Im Gegensatz zu Bedürfnissen sind die bevorzugten Strategien, die wir einsetzen, um uns Bedürfnisse zu erfüllen, hochgradig individuell. Hier treten soziokulturelle Unterschiede auf, regionale, oder einfach nur persönliche. Ein Beispiel: Jeder Mensch hat ein Bedürfnis nach Entspannung. Aber während es den einen entspannt, wenn er auf der Couch liegen und ein Buch lesen kann, findet seine Partnerin Entspannung beim Bergwandern. Seinen Bruder wiederum entspannt es total, wenn er ungestört seine Bahnen im Schwimmbad ziehen kann.

Konflikte entstehen daher nicht auf der Ebene der Bedürfnisse. Sie entstehen auf der Ebene der Strategien. Dort halten wir uns oft auf und den meisten ist der Unterschied überhaupt nicht bewusst. Die bevorzugten Strategien eines anderen Menschen können uns auf den Geist gehen, uns verwundern oder auch erschrecken. Daher hilft es gerade im Konfliktfall die Aufmerksamkeit darauf zu lenken, was für ein Bedürfnis wohl hinter der Strategie des Anderen steckt. Das hilft dabei ihn besser und vor allem tiefer zu sehen, weil wir sein Bedürfnis immer auch in uns selbst wiederfinden können.

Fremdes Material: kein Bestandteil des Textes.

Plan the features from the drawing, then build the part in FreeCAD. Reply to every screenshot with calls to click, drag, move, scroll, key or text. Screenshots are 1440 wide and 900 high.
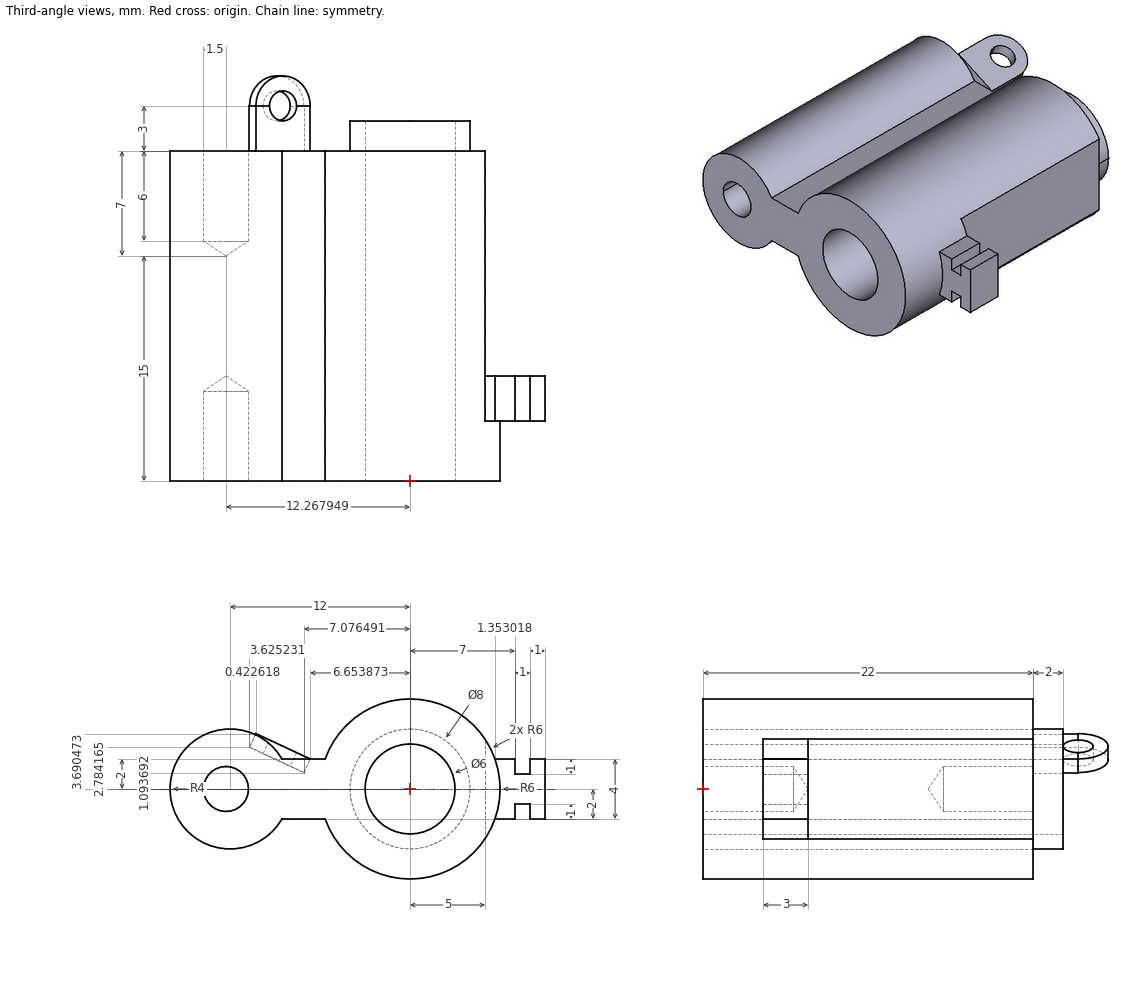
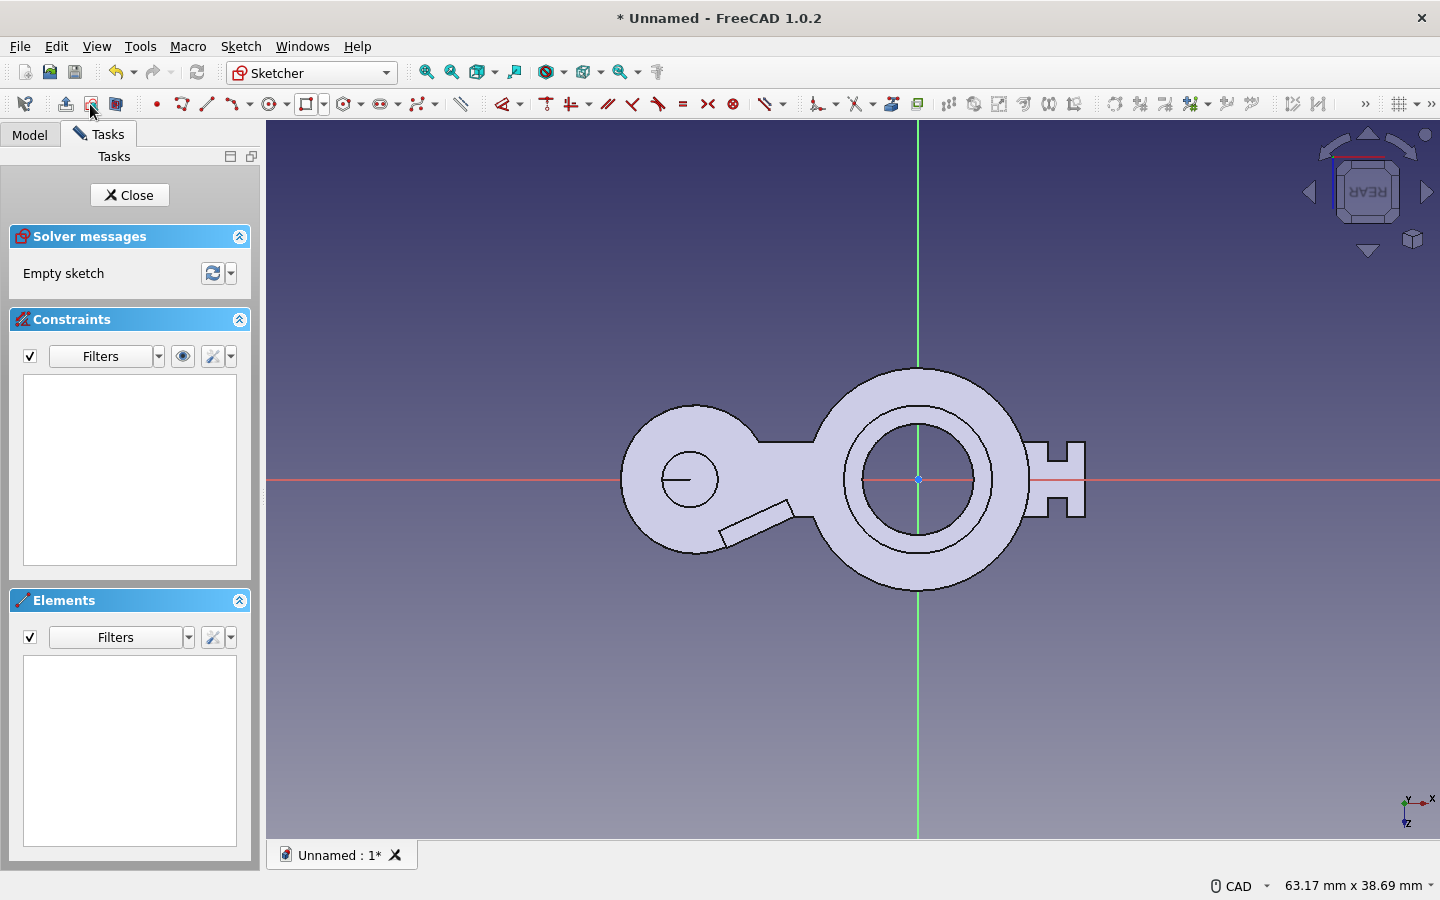
click(116, 104)

Gleichermaßen können wir es anderen Menschen sehr viel leichter machen, uns darin zu unterstützen uns unsere Bedürfnisse zu erfüllen, wenn wir sie auch benennen. Wenn wir ausdrücken warum uns eine bestimmte Sache wichtig ist, entsteht Verbindung zu anderen Menschen. Und um nichts anderes geht es letztlich in der GFK: aufrichtige und wertschätzende Verbindung.